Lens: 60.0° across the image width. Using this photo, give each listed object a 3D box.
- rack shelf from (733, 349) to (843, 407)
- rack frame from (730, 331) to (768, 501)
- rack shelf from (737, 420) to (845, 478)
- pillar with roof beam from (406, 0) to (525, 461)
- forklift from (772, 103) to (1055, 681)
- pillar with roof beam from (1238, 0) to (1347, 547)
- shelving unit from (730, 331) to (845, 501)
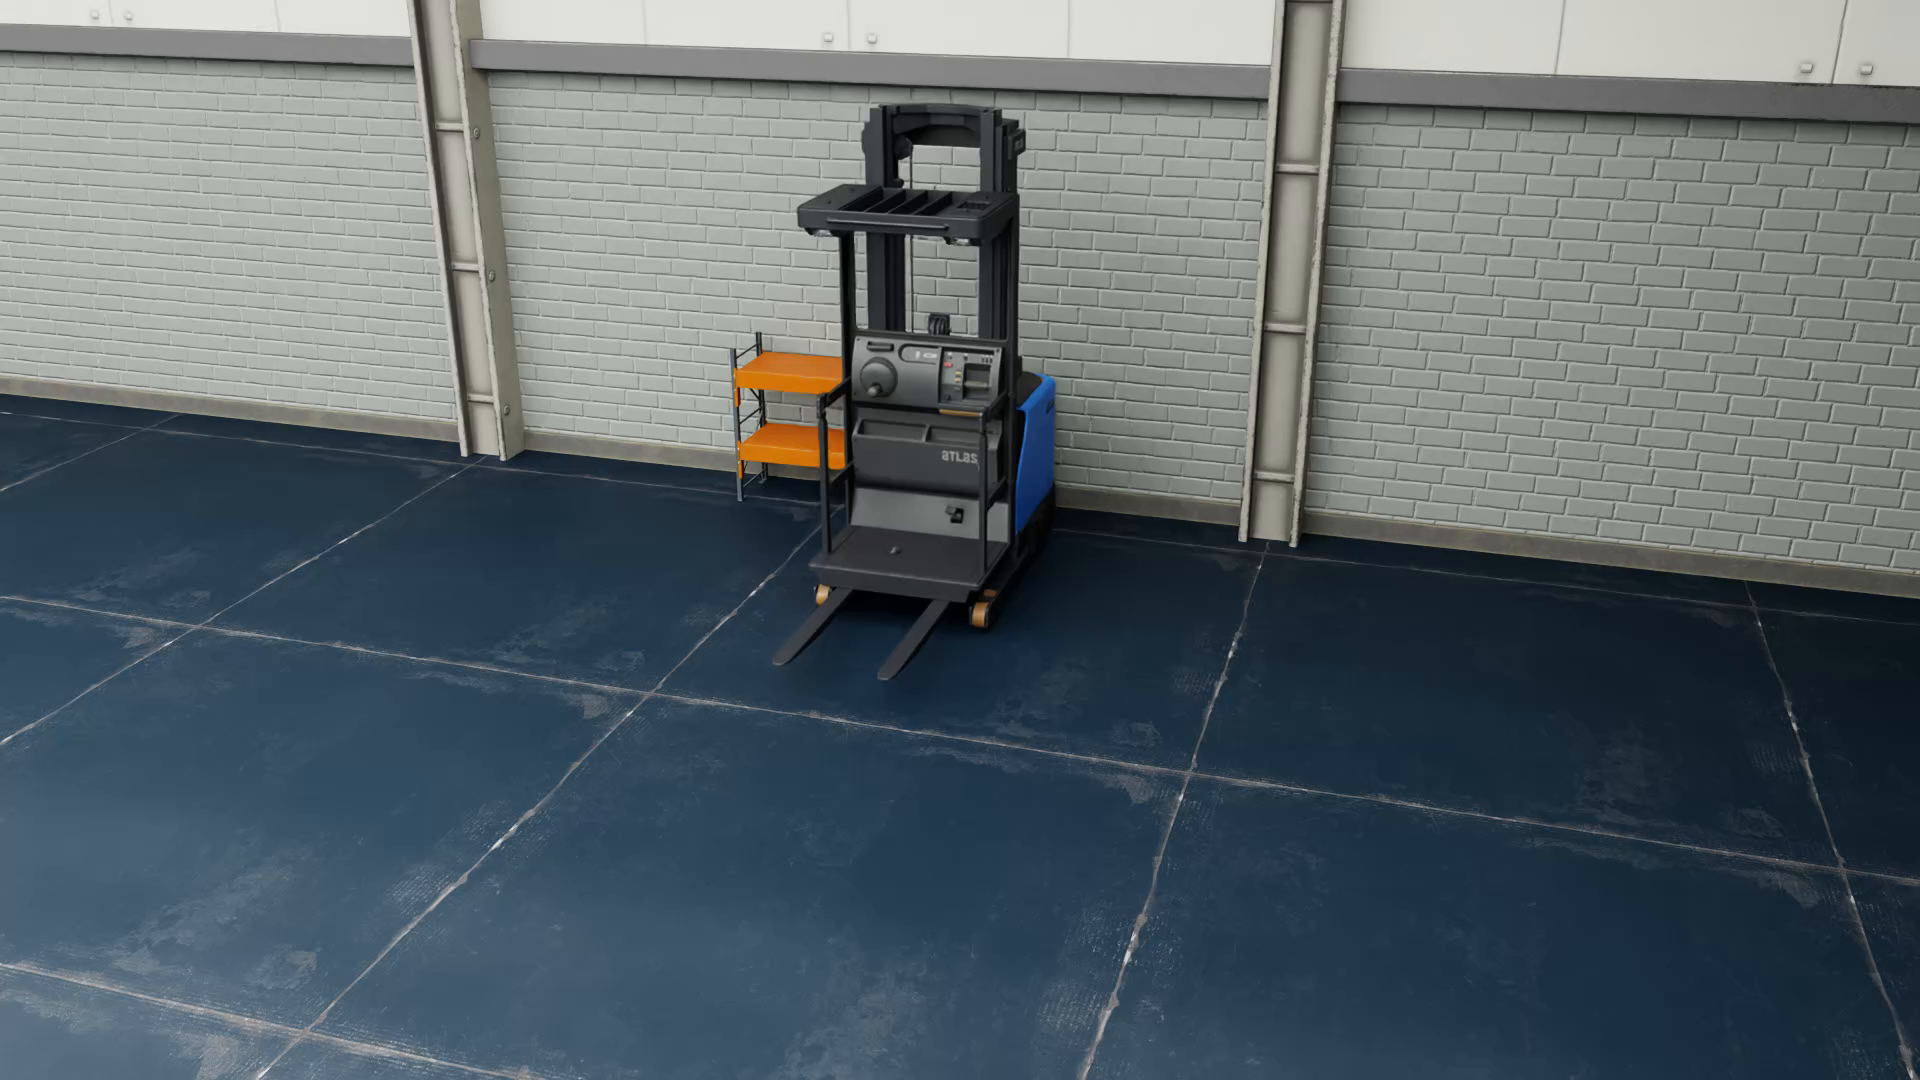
[{"bbox_3d":[-1.024,-1.107,11.715,1.000,0.278,0.538,6,23,15],"label":"rack shelf"},{"bbox_3d":[-1.512,-0.890,11.958,0.032,1.125,0.500,6,23,15],"label":"rack frame"},{"bbox_3d":[-1.024,-0.610,11.919,1.000,0.278,0.538,6,23,15],"label":"rack shelf"},{"bbox_3d":[-4.871,-3.285,7.422,0.400,9.000,9.100,7,23,16],"label":"pillar with roof beam"},{"bbox_3d":[-0.262,-0.990,9.821,1.130,2.935,3.031,7,23,16],"label":"forklift"},{"bbox_3d":[0.874,-2.628,5.818,0.400,9.000,9.100,7,23,16],"label":"pillar with roof beam"},{"bbox_3d":[-1.024,-0.836,11.826,1.048,1.125,0.538,6,23,15],"label":"shelving unit"}]
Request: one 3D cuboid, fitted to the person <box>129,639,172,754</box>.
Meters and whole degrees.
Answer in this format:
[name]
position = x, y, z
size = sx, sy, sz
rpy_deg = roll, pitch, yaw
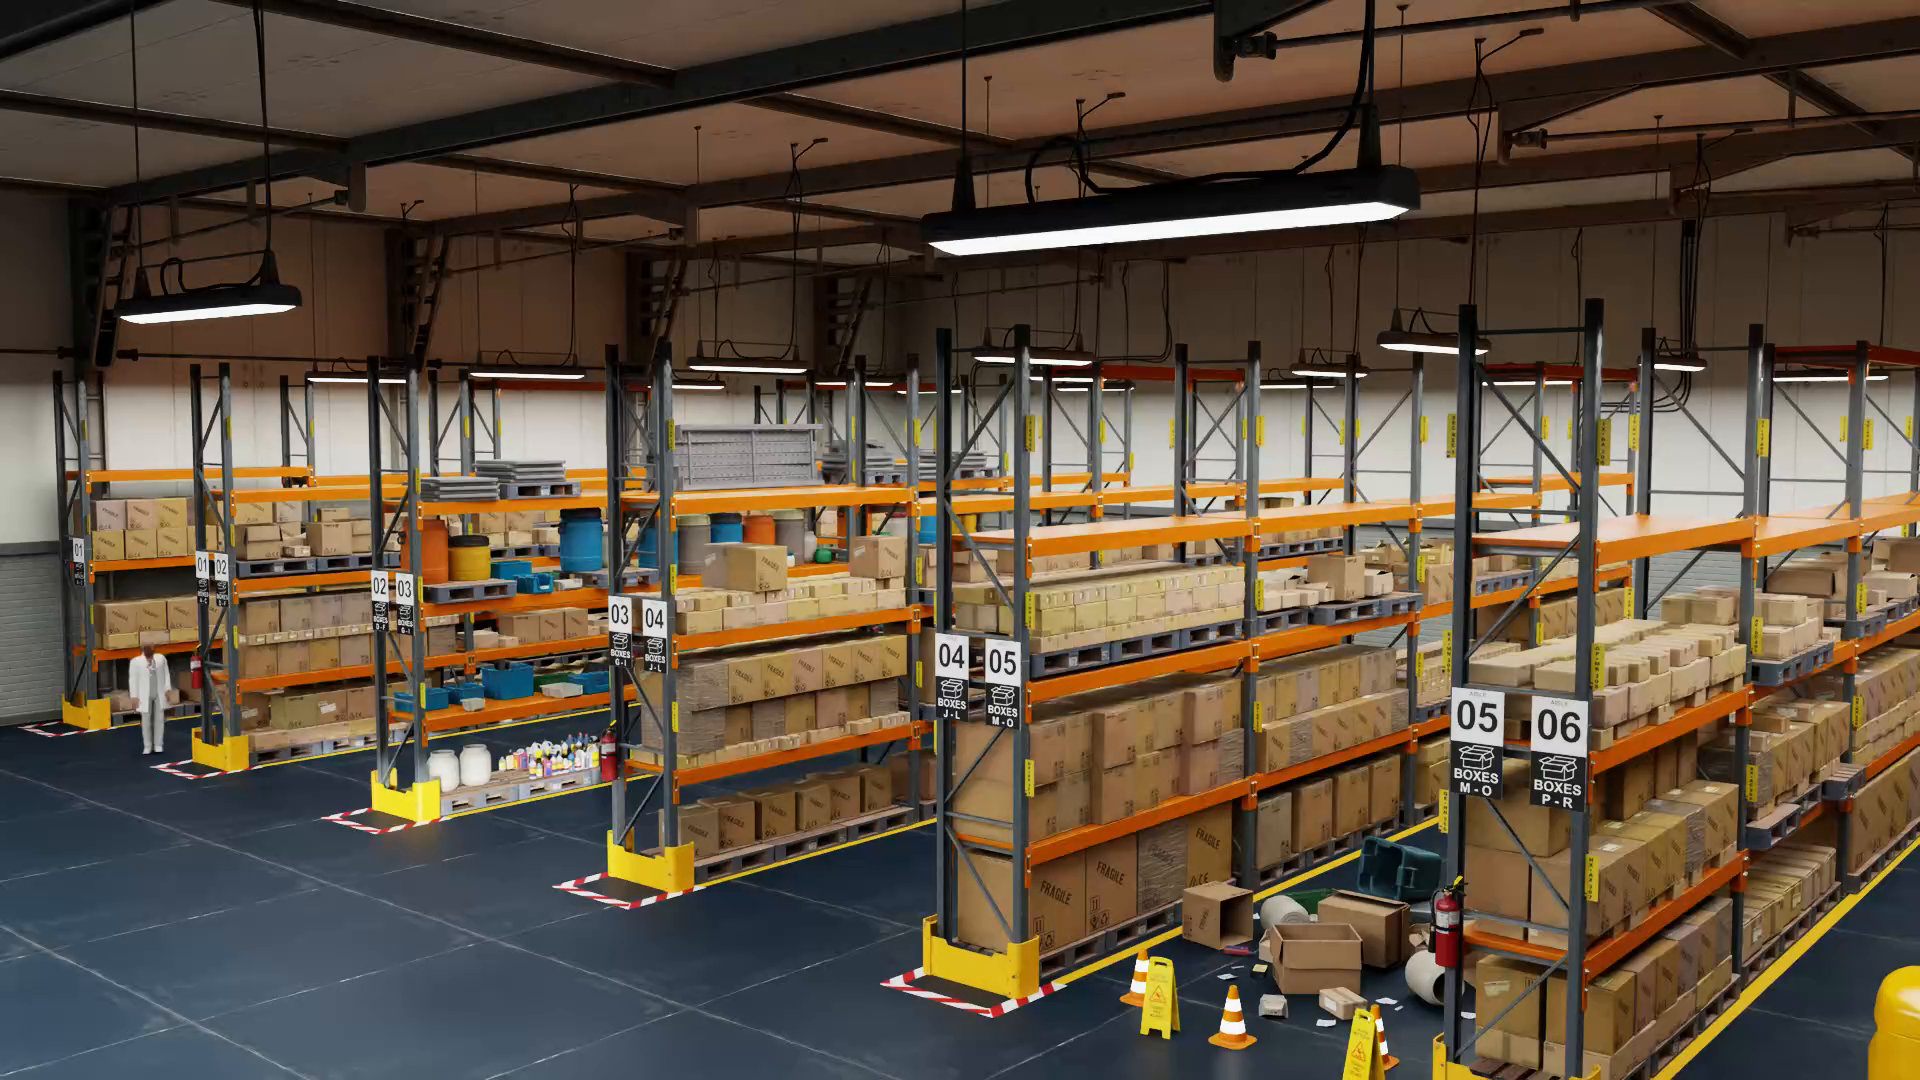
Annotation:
[person]
position = -12.539, 2.415, 25.761
size = 0.594, 1.784, 0.389
rpy_deg = -3, 5, -40
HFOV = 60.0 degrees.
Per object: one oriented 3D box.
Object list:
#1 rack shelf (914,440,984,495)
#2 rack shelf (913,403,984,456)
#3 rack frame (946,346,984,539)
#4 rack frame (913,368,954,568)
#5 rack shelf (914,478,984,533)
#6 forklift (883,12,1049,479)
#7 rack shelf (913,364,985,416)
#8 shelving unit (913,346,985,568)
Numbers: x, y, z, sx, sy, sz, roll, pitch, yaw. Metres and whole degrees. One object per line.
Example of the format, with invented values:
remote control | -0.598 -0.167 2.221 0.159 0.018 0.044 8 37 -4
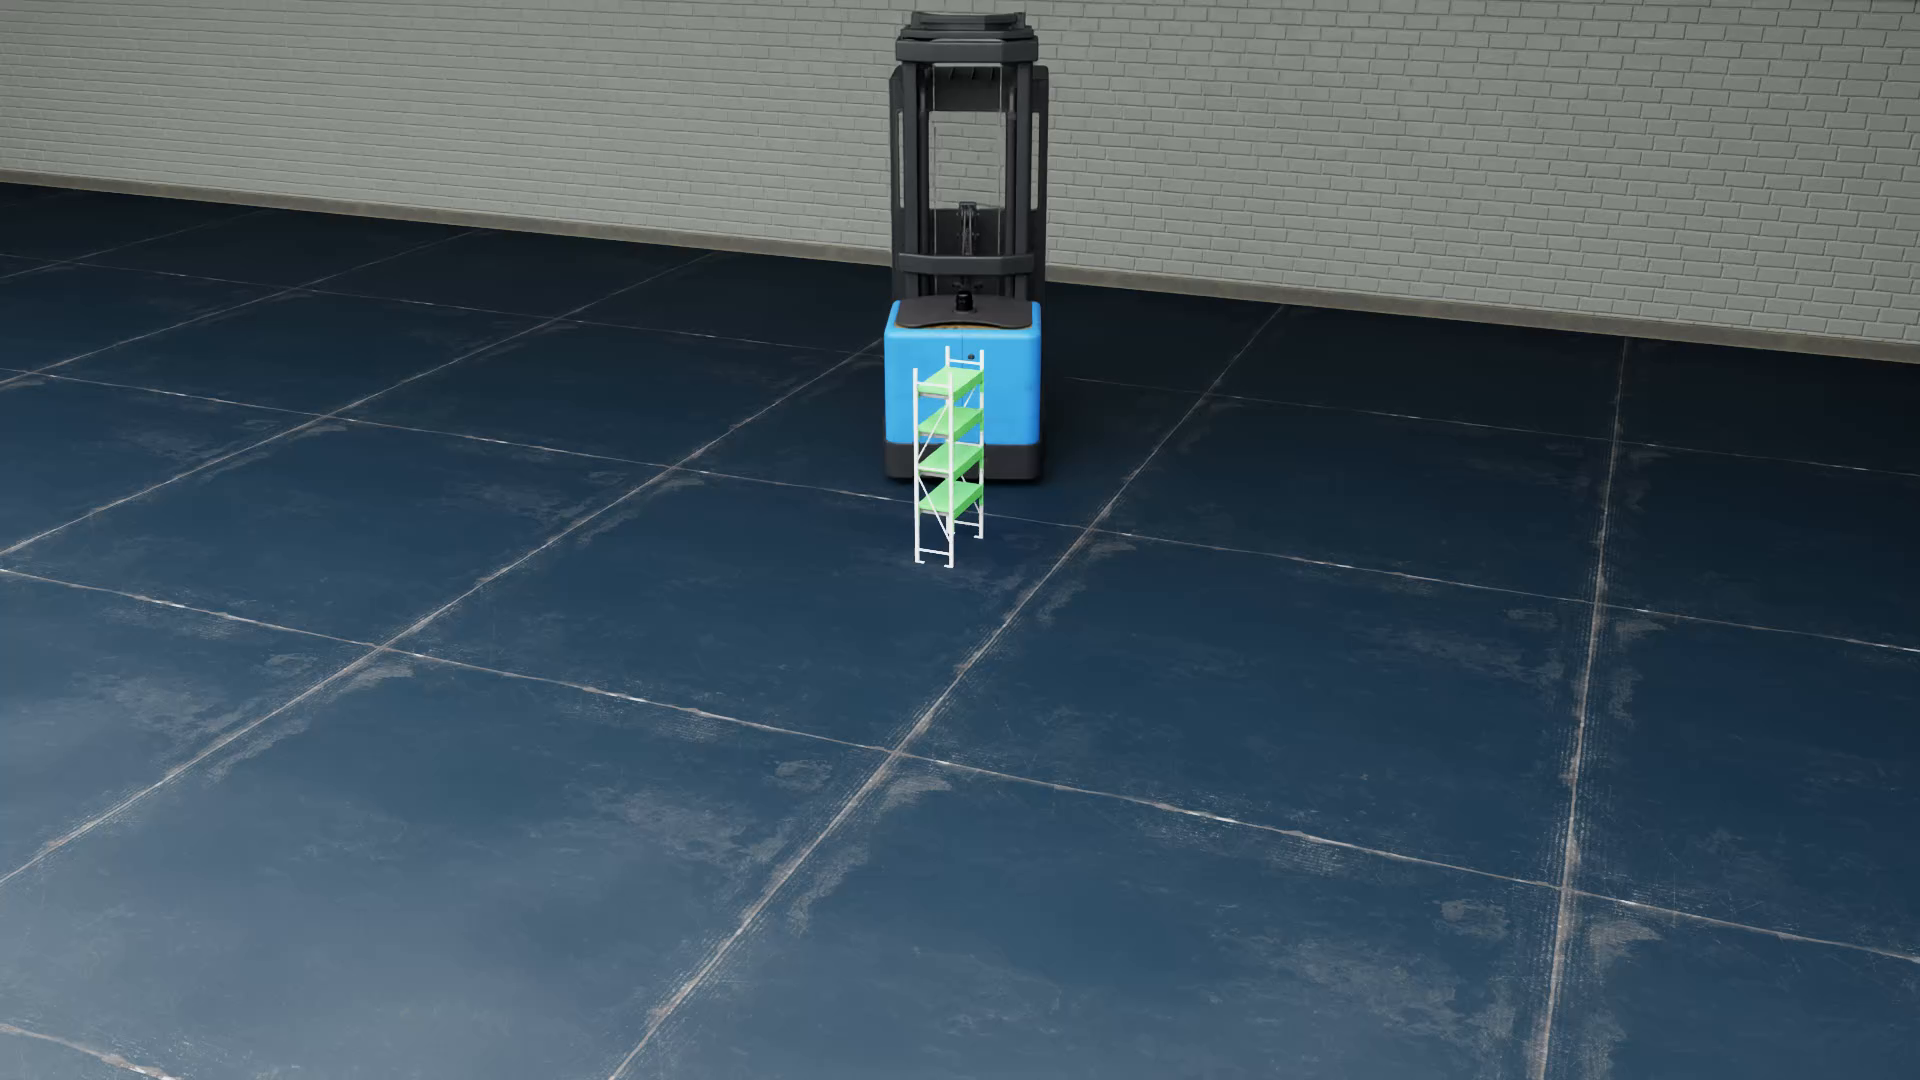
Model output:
rack shelf | -0.061 -0.435 9.902 0.258 0.148 0.480 9 24 20
rack shelf | -0.062 -0.657 9.809 0.258 0.148 0.480 9 24 20
rack frame | 0.029 -0.582 10.086 0.240 1.200 0.015 9 24 20
rack frame | -0.152 -0.407 9.668 0.240 1.200 0.015 9 24 20
rack shelf | -0.061 -0.214 9.994 0.258 0.148 0.480 9 24 20
forklift | 0.071 -2.276 11.896 1.130 2.935 3.031 1 23 2
rack shelf | -0.062 -0.878 9.717 0.258 0.148 0.480 9 24 20
shelving unit | -0.062 -0.494 9.877 0.258 1.200 0.503 9 24 20
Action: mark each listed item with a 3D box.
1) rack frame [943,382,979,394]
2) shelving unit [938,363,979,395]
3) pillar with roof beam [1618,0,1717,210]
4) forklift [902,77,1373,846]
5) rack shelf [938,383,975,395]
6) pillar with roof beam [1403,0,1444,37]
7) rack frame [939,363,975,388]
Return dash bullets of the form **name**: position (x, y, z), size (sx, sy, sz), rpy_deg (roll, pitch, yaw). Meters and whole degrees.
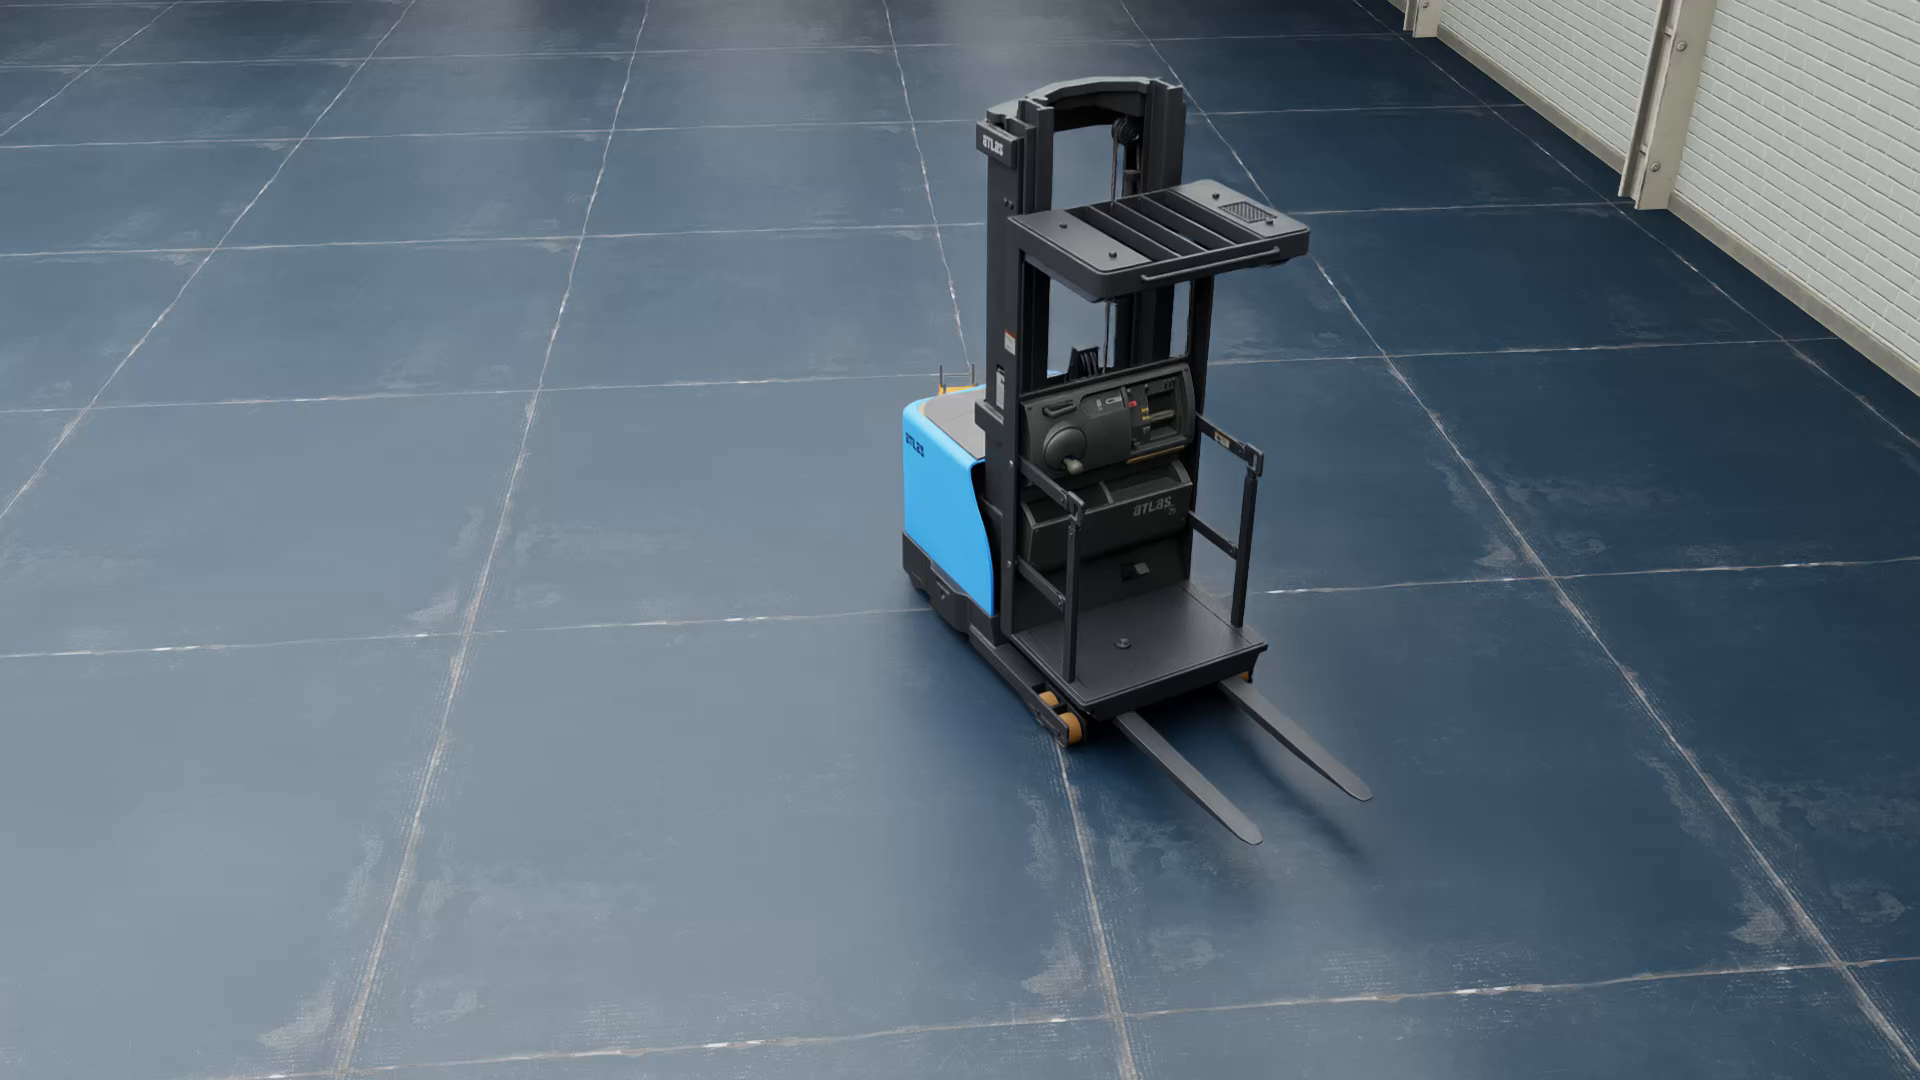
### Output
- **rack frame**: position (0.006, -0.416, 9.423), size (0.200, 1.050, 0.008), rpy_deg (-3, 31, -5)
- **shelving unit**: position (-0.005, -0.478, 9.527), size (0.215, 1.050, 0.252), rpy_deg (-3, 31, -5)
- **pillar with roof beam**: position (1.797, -6.668, 12.139), size (9.100, 9.000, 0.400), rpy_deg (-3, 31, -5)
- **forklift**: position (0.825, -0.522, 7.766), size (1.130, 2.935, 3.031), rpy_deg (-16, 34, -24)
- **rack shelf**: position (-0.005, -0.713, 9.387), size (0.215, 0.259, 0.240), rpy_deg (-3, 31, -5)
- **pillar with roof beam**: position (1.236, -9.732, 17.267), size (9.100, 9.000, 0.400), rpy_deg (-3, 31, -5)
- **rack frame**: position (-0.016, -0.540, 9.631), size (0.200, 1.050, 0.008), rpy_deg (-3, 31, -5)
● ● ● ● ● ● ●
## Activity
From the listing above, please give again the lines that begin with the line holding "#5 rack shelf (914,478,984,533)" and go on through the line holding "4) forklift [902,77,1373,846]", exactly, both ends included, minus any picture.

## Expected answer
#5 rack shelf (914,478,984,533)
#6 forklift (883,12,1049,479)
#7 rack shelf (913,364,985,416)
#8 shelving unit (913,346,985,568)
Numbers: x, y, z, sx, sy, sz, roll, pitch, yaw. Metres and whole degrees. One object per line.
Example of the format, with invented values:
remote control | -0.598 -0.167 2.221 0.159 0.018 0.044 8 37 -4
Model output:
rack shelf | -0.061 -0.435 9.902 0.258 0.148 0.480 9 24 20
rack shelf | -0.062 -0.657 9.809 0.258 0.148 0.480 9 24 20
rack frame | 0.029 -0.582 10.086 0.240 1.200 0.015 9 24 20
rack frame | -0.152 -0.407 9.668 0.240 1.200 0.015 9 24 20
rack shelf | -0.061 -0.214 9.994 0.258 0.148 0.480 9 24 20
forklift | 0.071 -2.276 11.896 1.130 2.935 3.031 1 23 2
rack shelf | -0.062 -0.878 9.717 0.258 0.148 0.480 9 24 20
shelving unit | -0.062 -0.494 9.877 0.258 1.200 0.503 9 24 20
Action: mark each listed item with a 3D box.
1) rack frame [943,382,979,394]
2) shelving unit [938,363,979,395]
3) pillar with roof beam [1618,0,1717,210]
4) forklift [902,77,1373,846]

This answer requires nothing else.